• _EXERCISE BRIEF_: Every line from the beginning of the records below up to the one holding "doc.units = 0" should be quoted exactly; leave out the rest.

• _RECORDS TO PROCESS_:
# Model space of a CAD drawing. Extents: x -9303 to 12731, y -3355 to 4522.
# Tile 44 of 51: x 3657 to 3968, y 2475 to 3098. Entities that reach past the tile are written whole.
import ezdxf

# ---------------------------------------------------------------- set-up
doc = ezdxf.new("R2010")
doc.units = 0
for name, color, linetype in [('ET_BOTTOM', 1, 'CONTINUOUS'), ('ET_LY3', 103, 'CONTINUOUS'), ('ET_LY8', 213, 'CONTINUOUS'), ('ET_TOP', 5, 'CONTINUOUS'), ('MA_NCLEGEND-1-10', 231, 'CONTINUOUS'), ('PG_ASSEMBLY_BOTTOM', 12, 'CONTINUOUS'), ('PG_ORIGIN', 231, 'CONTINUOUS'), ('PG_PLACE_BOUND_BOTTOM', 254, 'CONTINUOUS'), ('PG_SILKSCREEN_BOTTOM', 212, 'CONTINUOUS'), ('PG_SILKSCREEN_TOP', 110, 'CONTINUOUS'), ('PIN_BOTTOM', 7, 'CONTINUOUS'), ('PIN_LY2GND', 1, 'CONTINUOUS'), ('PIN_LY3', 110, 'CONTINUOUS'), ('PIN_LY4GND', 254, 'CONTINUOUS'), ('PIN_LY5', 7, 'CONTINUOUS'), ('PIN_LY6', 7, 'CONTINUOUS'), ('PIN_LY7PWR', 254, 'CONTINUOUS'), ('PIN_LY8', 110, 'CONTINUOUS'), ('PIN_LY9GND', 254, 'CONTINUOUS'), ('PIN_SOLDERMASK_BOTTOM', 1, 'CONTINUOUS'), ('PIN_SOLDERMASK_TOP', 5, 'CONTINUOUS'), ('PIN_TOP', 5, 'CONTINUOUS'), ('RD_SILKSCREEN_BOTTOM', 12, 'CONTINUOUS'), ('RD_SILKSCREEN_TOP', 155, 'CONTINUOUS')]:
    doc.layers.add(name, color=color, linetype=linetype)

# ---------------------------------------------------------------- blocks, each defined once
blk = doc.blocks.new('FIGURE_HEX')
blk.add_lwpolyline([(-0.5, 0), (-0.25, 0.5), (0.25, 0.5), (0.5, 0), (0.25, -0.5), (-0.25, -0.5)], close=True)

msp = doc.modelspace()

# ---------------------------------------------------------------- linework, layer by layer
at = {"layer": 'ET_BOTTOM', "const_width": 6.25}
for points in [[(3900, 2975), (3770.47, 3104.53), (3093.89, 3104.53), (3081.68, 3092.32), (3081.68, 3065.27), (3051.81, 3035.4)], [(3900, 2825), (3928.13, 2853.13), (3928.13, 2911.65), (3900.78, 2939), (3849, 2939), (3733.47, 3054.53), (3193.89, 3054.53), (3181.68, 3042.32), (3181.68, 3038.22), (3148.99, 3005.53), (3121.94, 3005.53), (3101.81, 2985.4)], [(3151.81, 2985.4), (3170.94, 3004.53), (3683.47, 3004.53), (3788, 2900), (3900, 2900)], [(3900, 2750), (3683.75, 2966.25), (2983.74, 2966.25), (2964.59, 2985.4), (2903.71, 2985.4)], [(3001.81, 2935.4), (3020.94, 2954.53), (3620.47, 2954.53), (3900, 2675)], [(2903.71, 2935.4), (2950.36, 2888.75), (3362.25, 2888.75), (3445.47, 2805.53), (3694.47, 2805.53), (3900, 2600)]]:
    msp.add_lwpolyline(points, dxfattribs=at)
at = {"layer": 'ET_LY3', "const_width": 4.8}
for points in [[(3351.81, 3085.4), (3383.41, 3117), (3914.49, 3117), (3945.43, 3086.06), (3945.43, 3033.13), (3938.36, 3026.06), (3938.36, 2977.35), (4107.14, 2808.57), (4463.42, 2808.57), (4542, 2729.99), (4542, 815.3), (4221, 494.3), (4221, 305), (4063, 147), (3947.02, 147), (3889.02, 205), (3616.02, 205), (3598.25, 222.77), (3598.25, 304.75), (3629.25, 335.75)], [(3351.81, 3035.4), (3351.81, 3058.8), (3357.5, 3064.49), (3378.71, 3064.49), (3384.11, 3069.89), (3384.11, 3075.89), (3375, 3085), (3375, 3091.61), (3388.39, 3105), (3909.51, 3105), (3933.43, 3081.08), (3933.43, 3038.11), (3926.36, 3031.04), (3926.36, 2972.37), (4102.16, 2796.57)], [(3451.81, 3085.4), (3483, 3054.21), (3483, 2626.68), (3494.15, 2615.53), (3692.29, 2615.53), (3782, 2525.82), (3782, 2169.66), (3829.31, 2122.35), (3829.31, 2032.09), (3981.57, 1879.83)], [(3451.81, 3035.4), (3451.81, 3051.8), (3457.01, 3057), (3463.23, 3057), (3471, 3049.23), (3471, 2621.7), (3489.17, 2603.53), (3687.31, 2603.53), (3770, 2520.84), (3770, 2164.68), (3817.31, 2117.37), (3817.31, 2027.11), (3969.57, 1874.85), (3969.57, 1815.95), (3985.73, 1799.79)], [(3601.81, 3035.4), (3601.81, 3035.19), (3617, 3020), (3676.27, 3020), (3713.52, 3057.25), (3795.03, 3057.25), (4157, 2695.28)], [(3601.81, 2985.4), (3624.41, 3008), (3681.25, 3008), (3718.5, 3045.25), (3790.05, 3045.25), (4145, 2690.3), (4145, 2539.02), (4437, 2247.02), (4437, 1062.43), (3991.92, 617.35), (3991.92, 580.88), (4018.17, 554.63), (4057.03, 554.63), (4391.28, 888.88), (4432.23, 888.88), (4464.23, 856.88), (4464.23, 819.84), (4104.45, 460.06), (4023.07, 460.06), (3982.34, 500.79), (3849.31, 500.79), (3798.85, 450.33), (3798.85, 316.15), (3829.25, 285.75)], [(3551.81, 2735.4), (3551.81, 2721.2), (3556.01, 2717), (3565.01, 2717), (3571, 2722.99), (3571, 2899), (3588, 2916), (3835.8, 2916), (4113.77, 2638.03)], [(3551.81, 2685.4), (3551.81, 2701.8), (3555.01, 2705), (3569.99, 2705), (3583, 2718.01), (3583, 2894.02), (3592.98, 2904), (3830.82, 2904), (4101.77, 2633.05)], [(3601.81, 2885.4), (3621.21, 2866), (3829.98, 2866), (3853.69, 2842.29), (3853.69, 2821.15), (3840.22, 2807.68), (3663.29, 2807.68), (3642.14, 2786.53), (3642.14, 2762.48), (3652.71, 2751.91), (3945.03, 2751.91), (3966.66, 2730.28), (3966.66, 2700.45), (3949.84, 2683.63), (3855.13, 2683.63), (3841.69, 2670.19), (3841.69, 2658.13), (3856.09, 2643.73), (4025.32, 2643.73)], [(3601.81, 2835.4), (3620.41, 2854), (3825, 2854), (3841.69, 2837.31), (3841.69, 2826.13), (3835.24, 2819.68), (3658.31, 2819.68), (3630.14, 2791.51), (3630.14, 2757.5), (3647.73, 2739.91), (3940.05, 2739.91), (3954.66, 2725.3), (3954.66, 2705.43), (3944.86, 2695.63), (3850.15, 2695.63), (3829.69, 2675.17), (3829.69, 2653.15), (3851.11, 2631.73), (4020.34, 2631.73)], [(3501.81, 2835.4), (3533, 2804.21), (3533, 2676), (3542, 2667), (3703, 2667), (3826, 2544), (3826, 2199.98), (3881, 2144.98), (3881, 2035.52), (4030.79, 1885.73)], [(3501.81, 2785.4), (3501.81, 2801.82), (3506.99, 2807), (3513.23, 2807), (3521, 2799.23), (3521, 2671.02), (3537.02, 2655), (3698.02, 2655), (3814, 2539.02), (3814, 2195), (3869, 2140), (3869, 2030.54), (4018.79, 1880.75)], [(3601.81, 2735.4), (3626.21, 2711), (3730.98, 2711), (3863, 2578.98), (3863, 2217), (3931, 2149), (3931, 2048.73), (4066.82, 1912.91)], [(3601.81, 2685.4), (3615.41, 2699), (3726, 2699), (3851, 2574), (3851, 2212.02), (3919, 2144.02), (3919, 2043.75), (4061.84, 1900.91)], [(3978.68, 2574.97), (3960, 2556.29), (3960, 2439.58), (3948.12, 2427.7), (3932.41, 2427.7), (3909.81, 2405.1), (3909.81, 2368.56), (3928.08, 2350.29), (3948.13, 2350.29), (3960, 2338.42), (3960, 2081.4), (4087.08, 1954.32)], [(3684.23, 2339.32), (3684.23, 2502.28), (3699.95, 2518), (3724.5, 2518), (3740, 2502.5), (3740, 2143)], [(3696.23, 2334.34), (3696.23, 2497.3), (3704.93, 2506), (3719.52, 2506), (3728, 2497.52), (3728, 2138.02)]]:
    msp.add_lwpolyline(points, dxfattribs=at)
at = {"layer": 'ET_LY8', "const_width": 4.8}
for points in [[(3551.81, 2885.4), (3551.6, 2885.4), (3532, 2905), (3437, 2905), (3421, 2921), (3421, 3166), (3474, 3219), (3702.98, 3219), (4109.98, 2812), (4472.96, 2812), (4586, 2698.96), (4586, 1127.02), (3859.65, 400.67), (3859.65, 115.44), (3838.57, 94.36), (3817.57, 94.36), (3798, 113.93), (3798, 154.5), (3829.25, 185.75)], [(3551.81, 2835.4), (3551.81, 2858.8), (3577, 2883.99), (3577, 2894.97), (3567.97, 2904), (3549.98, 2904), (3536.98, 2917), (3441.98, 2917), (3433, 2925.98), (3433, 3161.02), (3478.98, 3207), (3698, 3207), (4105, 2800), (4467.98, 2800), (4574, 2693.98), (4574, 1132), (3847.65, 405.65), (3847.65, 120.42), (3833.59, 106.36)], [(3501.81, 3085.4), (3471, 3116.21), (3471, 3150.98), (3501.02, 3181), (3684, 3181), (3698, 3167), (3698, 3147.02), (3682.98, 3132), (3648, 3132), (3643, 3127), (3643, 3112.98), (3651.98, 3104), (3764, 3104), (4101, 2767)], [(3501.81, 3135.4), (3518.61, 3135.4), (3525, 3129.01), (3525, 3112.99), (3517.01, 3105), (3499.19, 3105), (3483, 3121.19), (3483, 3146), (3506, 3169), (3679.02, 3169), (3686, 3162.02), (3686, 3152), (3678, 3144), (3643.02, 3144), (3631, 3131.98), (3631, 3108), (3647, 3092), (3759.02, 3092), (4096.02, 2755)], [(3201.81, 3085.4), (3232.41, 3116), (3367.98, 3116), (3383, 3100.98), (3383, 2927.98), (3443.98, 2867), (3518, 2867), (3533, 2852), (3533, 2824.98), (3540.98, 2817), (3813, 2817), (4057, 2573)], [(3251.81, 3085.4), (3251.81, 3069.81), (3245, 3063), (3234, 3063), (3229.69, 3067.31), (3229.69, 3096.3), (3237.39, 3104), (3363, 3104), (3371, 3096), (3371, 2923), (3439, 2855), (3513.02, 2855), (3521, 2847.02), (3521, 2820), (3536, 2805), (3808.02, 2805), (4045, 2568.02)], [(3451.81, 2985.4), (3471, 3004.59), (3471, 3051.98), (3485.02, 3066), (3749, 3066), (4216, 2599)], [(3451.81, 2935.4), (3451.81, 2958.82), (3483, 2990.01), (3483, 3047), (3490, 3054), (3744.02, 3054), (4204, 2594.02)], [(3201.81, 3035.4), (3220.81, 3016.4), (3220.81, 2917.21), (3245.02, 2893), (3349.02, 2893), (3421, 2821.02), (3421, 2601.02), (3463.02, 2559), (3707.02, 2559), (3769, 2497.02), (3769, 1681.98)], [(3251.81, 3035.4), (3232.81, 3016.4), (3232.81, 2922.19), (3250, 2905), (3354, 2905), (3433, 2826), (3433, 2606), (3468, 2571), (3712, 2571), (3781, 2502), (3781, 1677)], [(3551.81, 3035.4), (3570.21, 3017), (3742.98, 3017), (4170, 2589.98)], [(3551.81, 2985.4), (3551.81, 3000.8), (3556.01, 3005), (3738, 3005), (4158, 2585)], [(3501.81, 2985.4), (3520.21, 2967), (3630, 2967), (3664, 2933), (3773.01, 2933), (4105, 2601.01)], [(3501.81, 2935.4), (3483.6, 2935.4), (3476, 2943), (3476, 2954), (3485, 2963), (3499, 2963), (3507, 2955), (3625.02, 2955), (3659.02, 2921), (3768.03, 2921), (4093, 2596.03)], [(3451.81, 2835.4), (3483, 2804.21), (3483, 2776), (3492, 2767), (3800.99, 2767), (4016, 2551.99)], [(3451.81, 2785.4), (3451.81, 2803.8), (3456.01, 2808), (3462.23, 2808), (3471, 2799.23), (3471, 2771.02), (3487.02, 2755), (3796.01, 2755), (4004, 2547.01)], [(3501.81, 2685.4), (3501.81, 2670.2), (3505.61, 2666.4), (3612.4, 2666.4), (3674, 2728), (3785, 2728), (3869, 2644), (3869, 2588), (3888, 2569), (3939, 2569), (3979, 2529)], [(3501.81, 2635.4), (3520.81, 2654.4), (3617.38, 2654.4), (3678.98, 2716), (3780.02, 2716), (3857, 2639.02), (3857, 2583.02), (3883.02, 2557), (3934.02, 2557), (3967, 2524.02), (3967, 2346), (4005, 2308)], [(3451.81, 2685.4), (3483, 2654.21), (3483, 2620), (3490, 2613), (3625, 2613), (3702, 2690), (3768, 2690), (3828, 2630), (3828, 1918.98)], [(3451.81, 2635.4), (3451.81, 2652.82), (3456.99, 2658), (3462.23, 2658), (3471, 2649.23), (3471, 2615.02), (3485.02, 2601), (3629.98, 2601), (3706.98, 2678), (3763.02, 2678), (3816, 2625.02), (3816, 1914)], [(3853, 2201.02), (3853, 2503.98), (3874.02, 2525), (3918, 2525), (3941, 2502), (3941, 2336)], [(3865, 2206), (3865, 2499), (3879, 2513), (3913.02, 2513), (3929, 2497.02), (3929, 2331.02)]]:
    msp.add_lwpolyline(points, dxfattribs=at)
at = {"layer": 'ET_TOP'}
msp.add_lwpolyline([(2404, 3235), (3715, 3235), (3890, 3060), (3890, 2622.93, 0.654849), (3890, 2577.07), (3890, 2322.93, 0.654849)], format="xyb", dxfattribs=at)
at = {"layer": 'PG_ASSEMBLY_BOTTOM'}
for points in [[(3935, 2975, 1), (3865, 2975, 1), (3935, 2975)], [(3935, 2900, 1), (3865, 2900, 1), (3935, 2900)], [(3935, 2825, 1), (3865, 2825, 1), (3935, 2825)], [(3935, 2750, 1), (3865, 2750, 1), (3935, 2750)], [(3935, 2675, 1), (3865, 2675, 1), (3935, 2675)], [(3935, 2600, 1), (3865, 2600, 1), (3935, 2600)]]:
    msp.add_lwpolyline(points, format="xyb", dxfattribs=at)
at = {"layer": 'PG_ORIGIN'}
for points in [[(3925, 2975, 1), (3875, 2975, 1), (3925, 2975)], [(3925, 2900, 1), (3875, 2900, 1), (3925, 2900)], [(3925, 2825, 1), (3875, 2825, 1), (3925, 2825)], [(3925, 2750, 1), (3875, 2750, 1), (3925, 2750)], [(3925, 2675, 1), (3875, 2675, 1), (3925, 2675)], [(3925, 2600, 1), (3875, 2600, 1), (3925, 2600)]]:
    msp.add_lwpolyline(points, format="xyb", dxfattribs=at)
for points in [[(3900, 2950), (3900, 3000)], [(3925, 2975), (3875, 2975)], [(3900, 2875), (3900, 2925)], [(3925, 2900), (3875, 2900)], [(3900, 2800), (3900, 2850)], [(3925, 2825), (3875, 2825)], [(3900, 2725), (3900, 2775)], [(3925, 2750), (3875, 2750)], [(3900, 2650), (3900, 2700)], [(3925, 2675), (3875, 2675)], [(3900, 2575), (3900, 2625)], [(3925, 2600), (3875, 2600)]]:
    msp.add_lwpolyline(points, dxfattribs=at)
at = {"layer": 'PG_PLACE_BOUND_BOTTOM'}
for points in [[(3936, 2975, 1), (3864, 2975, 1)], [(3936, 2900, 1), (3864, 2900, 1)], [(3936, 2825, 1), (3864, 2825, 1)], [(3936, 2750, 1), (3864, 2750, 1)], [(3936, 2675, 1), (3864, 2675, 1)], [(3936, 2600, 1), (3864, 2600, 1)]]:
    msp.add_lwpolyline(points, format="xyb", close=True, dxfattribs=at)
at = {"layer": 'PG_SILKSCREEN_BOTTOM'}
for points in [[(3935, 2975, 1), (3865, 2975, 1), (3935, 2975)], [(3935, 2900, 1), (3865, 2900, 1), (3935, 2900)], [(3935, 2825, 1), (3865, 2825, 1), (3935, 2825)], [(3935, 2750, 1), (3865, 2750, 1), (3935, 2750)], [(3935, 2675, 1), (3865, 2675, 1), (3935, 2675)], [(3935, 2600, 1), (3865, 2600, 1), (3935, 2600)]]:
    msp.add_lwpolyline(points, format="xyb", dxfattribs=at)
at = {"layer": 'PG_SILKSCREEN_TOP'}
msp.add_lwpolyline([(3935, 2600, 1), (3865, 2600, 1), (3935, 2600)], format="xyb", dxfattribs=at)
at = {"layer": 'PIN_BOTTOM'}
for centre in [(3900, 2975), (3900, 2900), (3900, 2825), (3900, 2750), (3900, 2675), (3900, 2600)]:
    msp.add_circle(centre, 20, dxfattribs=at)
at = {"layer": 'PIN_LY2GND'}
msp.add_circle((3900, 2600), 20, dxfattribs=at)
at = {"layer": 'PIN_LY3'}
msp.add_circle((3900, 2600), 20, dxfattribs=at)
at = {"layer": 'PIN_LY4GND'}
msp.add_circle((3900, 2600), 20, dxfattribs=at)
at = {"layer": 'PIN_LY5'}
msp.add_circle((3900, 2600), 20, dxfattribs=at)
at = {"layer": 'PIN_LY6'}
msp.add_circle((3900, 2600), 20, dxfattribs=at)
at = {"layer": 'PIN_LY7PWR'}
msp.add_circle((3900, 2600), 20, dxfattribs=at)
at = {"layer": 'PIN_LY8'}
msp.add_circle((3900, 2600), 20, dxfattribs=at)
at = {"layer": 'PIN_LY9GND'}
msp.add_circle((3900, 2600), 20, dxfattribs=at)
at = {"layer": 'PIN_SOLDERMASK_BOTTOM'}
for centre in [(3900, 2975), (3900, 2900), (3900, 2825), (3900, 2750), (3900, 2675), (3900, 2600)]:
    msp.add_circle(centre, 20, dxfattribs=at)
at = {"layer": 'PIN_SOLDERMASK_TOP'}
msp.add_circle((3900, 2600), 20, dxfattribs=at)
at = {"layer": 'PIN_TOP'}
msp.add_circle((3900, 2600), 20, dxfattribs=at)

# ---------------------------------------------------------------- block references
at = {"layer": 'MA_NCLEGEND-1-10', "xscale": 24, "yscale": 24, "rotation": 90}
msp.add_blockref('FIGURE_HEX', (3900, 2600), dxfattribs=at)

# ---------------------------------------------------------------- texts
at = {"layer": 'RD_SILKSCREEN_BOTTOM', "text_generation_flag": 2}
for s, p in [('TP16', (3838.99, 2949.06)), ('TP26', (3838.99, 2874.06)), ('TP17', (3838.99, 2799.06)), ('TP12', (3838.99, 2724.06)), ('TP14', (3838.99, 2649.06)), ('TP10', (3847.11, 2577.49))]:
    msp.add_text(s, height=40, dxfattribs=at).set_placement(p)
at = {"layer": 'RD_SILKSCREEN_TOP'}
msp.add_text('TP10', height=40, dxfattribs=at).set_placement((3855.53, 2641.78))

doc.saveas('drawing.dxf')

• _ANSWER BELOW_:
# Model space of a CAD drawing. Extents: x -9303 to 12731, y -3355 to 4522.
# Tile 44 of 51: x 3657 to 3968, y 2475 to 3098. Entities that reach past the tile are written whole.
import ezdxf

# ---------------------------------------------------------------- set-up
doc = ezdxf.new("R2010")
doc.units = 0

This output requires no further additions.